呼吸声越来越重。
不是错觉。
脚下的地。
在震。
“跑!”
老赵先喊出来。
我拽住林姐胳膊。
往前冲。
地面裂开了。
一条缝。
从身后追来。
像刀切豆腐。
咔嚓——
裂缝里冒出一股热气。
腥臭。
像烂肉腐烂了三百年。
“妈的!”
我骂了一声。
回头看了一眼。
裂缝里伸出一只手。
不对。
不是人手。
是爪子。
黑乎乎的。
指甲有半米长。
指甲上还挂着泥。
那爪子扒住裂缝边缘。
用力一撑。
一个脑袋露出来。
那脑袋比脸盆还大。
没有眼睛。
只有一张嘴。
嘴裂到耳根。
牙齿像锯齿。
一根根往外翻。
它张嘴。
吼了一声。
声音不大。
但震得我耳朵嗡嗡响。
林姐拔出刀。
“什么鬼东西!”
“禁区里的。”
老赵声音发抖。
“禁区里的怪物。”
“怎么会跑到这儿来!”
我脑子里只有一个念头。
跑。
打不过。
这东西比丧尸强太多了。
比变异兽也强。
光是那个气势。
就压得我腿软。
我拉着林姐继续跑。
老赵跟在后面。
那东西爬出来了。
整个身子从裂缝里挤出来。
有四条腿。
像狗。
但比牛还大。
它没眼睛。
但脑袋一直朝我们这边转。
它能闻到我们。
“分开跑!”
我喊。
“目标太大!”
林姐犹豫了一下。
“你往左。”
“我往右。
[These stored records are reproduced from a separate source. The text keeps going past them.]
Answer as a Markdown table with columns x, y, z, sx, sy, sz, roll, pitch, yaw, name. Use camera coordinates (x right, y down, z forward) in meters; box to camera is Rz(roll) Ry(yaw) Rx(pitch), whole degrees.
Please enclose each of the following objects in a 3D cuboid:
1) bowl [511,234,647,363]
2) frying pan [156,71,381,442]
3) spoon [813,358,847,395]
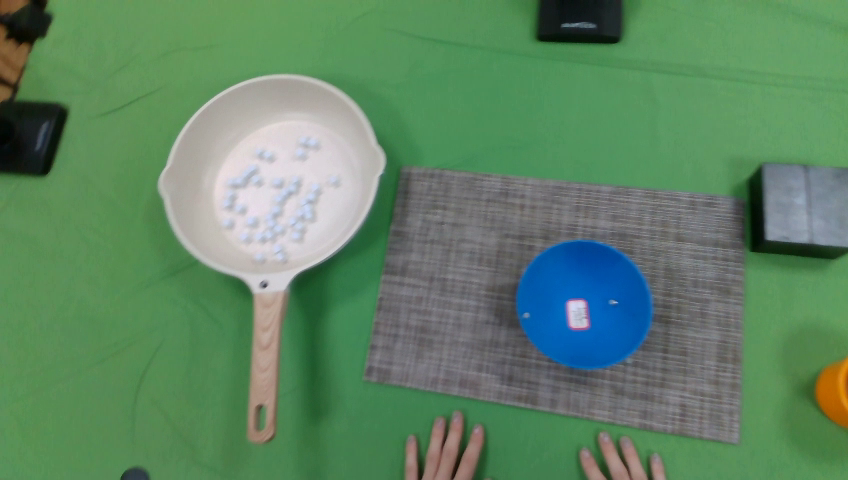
| x | y | z | sx | sy | sz | roll | pitch | yaw | name |
| --- | --- | --- | --- | --- | --- | --- | --- | --- | --- |
| 0.181 | 0.075 | 0.724 | 0.151 | 0.077 | 0.150 | -2 | 74 | 7 | bowl |
| -0.201 | 0.008 | 0.782 | 0.306 | 0.103 | 0.484 | -5 | 65 | 7 | frying pan |
| 0.512 | 0.153 | 0.627 | 0.022 | 0.192 | 0.041 | 27 | 74 | -31 | spoon |
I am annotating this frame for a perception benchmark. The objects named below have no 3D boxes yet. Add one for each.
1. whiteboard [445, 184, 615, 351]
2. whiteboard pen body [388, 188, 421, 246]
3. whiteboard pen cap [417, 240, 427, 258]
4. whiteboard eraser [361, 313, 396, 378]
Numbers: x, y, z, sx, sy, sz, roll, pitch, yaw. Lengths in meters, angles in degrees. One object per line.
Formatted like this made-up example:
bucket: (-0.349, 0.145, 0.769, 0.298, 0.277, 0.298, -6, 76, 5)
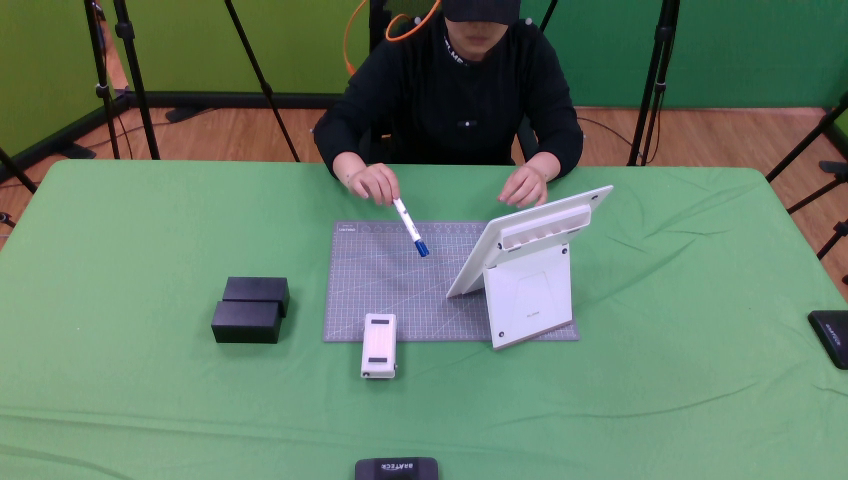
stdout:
whiteboard: (0.187, 0.065, 0.989, 0.217, 0.306, 0.143, -15, 68, -18)
whiteboard pen body: (-0.032, -0.036, 1.118, 0.017, 0.017, 0.140, -21, 74, -22)
whiteboard pen cap: (-0.003, 0.017, 1.103, 0.018, 0.033, 0.018, -5, 23, 2)
whiteboard eraser: (-0.075, 0.176, 1.006, 0.055, 0.042, 0.112, 3, 50, -4)
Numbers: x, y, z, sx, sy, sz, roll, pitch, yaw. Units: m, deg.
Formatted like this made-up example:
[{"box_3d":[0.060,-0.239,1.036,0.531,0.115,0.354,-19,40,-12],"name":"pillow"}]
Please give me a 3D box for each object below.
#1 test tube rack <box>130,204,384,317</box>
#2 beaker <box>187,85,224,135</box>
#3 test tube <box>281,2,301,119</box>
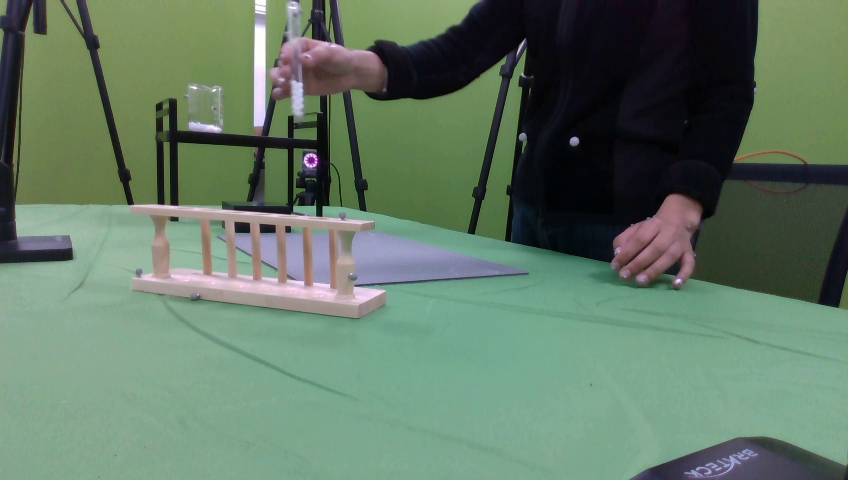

”
“老赵你直走!”
老赵点头。
三人分开。
那东西愣了一下。
然后朝我追来。
操。
为什么是我。
我拼命跑。
炼体诀在体内疯狂运转。
速度比平时快不少。
但那东西更快。
爪子拍地。
咚咚咚。
像打鼓。
越来越近。
我回头。
它离我不到十米。
嘴张开了。
口水往下滴。
一滴落在地上。
嗤——
冒烟了。
腐蚀性的。
我真服了。
这东西连口水都能杀人。
跑不掉了。
我咬咬牙。
转身。
握紧拳头。
既然跑不掉。
那就打。
炼体诀催到极致。
全身肌肉绷紧。
那东西扑过来。
爪子朝我脑袋拍下来。
我侧身躲开。
一拳砸在它腿上。
砰。
像砸在铁板上。
手骨差点裂了。
它没反应。
只是扭过头。
嘴朝我咬过来。
我往后跳。
晚了。
牙齿擦过我的肩膀。
衣服撕烂了。
皮肉也撕开一道口子。
血喷出来。
疼得我龇牙。
那东西尝到血味。
更兴奋了。
又扑过来。
我躲不开了。
就在这时。
砰——
枪声。
那东西脑袋一歪。
被打中了。
但它没倒。
只是晃了晃。
又站直。
林姐从右边冲过来。
手里举着一把枪。
是之前那个中年男人的枪。
她对着那东西又开了一枪。
砰。
还是打中脑袋。
那东西怒了。
转头朝林姐冲去。
“快跑!”
我喊。
林姐转身就跑。
那东西追她。
我喘着气。
伤口火辣辣地疼。
但炼体诀在修复。
老赵从远处喊。
“往禁区跑!”
“它不敢进禁区!”
我愣了一下。
禁区。
对。
禁区有塔。
塔里锁着怪物。
这东西可能真不敢进去。
“林姐!”
我喊。
“往禁区跑!”
林姐听见了。
拐了个弯。
朝禁区方向冲。
那东西跟在后面。
我也追上去。
三人一兽。
往禁区狂奔。
跑了两分钟。
看到禁区入口了。
那个守门的年轻人还在。
他看到我们。
脸色变了。
“别进来!”
他喊。
“禁区不能进!”
我不管。
冲进去再说。
林姐先冲过入口。
我也跟着冲。
老赵最后一个。
那东西追到入口。
突然停下了。
它站在入口外。
脑袋左右晃。
不敢进来。
真的不敢进来。
我松了一口气。
但马上。
那东西张嘴。
朝禁区里吼了一声。
声音很大。
传得很远。
然后。
禁区深处。
传来一声回应。
也是吼声。
但更沉。
更响。
像是什么东西醒了。
守门年轻人脸色煞白。
“完了。”
他说。
“塔里的东西。”
“被吵醒了。”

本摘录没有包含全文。